▶ **Problem to solve**
Where does the word "Locations" appear in the entries below? Copy each line that holds it.
....
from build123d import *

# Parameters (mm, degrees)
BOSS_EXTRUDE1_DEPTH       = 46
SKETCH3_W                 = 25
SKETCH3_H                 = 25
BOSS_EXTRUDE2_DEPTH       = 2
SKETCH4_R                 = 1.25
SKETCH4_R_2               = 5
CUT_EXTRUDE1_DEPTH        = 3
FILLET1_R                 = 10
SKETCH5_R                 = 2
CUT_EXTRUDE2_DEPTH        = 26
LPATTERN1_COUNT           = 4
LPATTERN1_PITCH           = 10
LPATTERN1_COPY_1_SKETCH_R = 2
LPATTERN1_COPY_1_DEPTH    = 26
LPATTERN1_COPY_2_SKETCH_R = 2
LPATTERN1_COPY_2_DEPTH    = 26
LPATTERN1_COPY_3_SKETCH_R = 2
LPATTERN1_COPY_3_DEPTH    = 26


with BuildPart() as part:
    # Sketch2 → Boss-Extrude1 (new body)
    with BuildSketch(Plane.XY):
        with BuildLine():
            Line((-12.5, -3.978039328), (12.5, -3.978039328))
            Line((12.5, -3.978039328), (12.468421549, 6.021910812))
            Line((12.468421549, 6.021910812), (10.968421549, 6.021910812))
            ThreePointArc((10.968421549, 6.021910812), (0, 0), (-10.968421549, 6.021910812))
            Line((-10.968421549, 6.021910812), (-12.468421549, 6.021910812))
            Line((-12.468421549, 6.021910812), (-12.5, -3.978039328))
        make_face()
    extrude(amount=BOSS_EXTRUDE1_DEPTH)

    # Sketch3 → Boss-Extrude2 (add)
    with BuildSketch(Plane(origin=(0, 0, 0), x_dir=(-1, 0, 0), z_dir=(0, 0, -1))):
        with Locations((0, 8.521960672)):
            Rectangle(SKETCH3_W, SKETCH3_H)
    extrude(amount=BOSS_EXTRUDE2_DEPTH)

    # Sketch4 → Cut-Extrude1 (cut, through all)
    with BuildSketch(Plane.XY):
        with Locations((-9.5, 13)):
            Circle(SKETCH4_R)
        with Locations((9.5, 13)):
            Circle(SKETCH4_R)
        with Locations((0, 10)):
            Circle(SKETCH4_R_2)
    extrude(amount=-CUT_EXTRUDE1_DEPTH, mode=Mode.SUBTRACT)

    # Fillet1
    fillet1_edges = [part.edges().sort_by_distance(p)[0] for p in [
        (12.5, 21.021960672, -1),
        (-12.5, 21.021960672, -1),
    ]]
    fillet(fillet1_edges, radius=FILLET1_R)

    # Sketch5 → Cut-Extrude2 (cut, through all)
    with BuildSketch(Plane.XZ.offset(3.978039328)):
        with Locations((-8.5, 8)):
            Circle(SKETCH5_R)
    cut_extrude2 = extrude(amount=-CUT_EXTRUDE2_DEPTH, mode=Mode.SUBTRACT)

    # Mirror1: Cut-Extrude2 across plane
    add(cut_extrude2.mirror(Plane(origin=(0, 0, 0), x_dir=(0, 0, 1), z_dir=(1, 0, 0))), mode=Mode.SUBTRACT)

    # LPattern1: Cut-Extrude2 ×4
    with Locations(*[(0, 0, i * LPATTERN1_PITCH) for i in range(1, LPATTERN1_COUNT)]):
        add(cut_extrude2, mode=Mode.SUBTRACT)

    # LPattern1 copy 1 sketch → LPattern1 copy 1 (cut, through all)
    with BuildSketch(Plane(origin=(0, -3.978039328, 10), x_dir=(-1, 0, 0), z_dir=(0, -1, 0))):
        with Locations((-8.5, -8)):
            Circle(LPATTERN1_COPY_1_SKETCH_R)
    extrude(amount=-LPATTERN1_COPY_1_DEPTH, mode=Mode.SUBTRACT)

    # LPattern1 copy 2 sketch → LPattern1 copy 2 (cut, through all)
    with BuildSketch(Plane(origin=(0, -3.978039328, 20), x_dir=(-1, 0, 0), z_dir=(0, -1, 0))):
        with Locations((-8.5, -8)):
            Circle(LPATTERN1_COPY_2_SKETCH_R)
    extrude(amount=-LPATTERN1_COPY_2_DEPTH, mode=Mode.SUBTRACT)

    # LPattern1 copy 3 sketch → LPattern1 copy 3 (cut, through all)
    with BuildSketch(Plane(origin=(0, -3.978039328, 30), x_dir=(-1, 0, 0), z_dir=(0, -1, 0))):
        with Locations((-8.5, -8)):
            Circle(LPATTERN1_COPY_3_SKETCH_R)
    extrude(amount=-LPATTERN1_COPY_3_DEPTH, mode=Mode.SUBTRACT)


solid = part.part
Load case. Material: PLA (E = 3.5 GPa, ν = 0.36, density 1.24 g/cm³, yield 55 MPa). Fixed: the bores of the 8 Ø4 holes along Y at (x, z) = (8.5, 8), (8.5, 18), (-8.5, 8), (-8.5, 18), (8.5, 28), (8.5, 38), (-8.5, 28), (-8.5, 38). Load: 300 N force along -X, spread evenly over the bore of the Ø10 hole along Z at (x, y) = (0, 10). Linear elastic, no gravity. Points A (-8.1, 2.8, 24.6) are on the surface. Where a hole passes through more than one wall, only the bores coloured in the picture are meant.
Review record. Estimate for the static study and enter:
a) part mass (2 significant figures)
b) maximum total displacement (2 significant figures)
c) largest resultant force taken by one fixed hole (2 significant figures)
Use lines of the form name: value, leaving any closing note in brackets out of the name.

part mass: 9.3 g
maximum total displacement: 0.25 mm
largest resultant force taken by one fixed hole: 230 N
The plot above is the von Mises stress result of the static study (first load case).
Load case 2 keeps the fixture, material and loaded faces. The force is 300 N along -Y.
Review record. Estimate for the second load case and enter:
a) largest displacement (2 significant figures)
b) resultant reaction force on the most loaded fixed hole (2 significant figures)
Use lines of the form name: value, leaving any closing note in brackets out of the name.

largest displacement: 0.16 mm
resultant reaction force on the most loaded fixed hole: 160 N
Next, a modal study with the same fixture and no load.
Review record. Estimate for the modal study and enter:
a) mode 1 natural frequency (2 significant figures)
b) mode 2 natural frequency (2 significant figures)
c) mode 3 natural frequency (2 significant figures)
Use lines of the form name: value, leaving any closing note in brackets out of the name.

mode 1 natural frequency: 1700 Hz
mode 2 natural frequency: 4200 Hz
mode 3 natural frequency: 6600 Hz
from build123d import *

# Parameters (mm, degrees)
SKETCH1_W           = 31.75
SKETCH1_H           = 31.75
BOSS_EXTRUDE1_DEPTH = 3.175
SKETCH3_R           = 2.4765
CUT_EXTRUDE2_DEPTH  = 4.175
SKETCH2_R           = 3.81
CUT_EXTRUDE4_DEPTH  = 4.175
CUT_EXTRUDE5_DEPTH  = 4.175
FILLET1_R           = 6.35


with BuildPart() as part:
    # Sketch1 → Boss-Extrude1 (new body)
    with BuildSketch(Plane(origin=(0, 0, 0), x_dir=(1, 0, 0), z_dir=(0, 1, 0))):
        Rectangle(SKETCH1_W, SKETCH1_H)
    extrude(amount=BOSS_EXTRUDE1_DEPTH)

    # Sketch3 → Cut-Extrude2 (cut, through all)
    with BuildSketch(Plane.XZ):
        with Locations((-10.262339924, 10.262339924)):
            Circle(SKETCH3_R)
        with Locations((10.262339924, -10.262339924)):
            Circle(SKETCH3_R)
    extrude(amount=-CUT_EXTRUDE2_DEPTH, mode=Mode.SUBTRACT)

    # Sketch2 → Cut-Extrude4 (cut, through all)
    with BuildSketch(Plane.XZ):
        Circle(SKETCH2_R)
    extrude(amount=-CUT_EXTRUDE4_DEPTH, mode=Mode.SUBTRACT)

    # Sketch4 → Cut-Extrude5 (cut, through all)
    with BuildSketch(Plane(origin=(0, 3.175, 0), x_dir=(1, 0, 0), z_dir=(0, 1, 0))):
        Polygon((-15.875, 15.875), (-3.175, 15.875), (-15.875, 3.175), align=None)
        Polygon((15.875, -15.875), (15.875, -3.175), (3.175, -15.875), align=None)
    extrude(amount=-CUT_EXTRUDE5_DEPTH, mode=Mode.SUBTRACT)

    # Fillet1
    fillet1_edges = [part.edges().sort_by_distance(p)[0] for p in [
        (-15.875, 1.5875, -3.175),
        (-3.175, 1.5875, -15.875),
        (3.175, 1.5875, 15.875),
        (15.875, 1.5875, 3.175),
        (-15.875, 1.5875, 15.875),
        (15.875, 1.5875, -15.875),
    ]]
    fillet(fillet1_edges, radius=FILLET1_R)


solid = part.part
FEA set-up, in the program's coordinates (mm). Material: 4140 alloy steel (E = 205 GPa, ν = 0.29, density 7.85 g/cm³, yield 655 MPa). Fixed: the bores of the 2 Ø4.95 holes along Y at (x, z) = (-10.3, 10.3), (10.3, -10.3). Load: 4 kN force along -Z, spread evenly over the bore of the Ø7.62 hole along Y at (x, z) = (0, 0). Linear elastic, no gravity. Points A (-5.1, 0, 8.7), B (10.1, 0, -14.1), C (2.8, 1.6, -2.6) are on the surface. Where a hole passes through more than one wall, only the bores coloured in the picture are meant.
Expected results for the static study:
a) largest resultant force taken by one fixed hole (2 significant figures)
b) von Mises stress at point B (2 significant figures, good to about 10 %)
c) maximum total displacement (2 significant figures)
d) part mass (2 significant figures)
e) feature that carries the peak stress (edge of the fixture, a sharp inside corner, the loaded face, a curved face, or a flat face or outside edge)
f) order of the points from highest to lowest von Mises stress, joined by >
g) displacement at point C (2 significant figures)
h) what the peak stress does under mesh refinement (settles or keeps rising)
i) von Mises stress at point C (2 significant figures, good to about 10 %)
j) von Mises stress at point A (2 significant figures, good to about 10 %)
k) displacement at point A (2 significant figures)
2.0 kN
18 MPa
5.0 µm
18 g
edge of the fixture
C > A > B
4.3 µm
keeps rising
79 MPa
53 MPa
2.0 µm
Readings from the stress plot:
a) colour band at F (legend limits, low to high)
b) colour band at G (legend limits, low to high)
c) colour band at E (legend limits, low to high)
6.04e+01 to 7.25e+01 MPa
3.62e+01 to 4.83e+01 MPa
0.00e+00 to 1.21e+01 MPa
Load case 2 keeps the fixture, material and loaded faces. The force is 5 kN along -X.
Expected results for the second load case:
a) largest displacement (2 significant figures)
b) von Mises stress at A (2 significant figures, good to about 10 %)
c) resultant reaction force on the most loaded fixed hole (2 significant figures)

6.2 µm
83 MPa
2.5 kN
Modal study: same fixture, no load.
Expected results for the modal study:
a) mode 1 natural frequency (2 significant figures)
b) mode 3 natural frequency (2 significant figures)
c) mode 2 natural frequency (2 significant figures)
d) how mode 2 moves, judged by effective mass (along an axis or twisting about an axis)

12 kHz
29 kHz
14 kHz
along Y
....
▶ **Answer space**
        with Locations((0, 8.521960672)):
        with Locations((-9.5, 13)):
        with Locations((9.5, 13)):
        with Locations((0, 10)):
        with Locations((-8.5, 8)):
    with Locations(*[(0, 0, i * LPATTERN1_PITCH) for i in range(1, LPATTERN1_COUNT)]):
        with Locations((-8.5, -8)):
        with Locations((-8.5, -8)):
        with Locations((-8.5, -8)):
        with Locations((-10.262339924, 10.262339924)):
        with Locations((10.262339924, -10.262339924)):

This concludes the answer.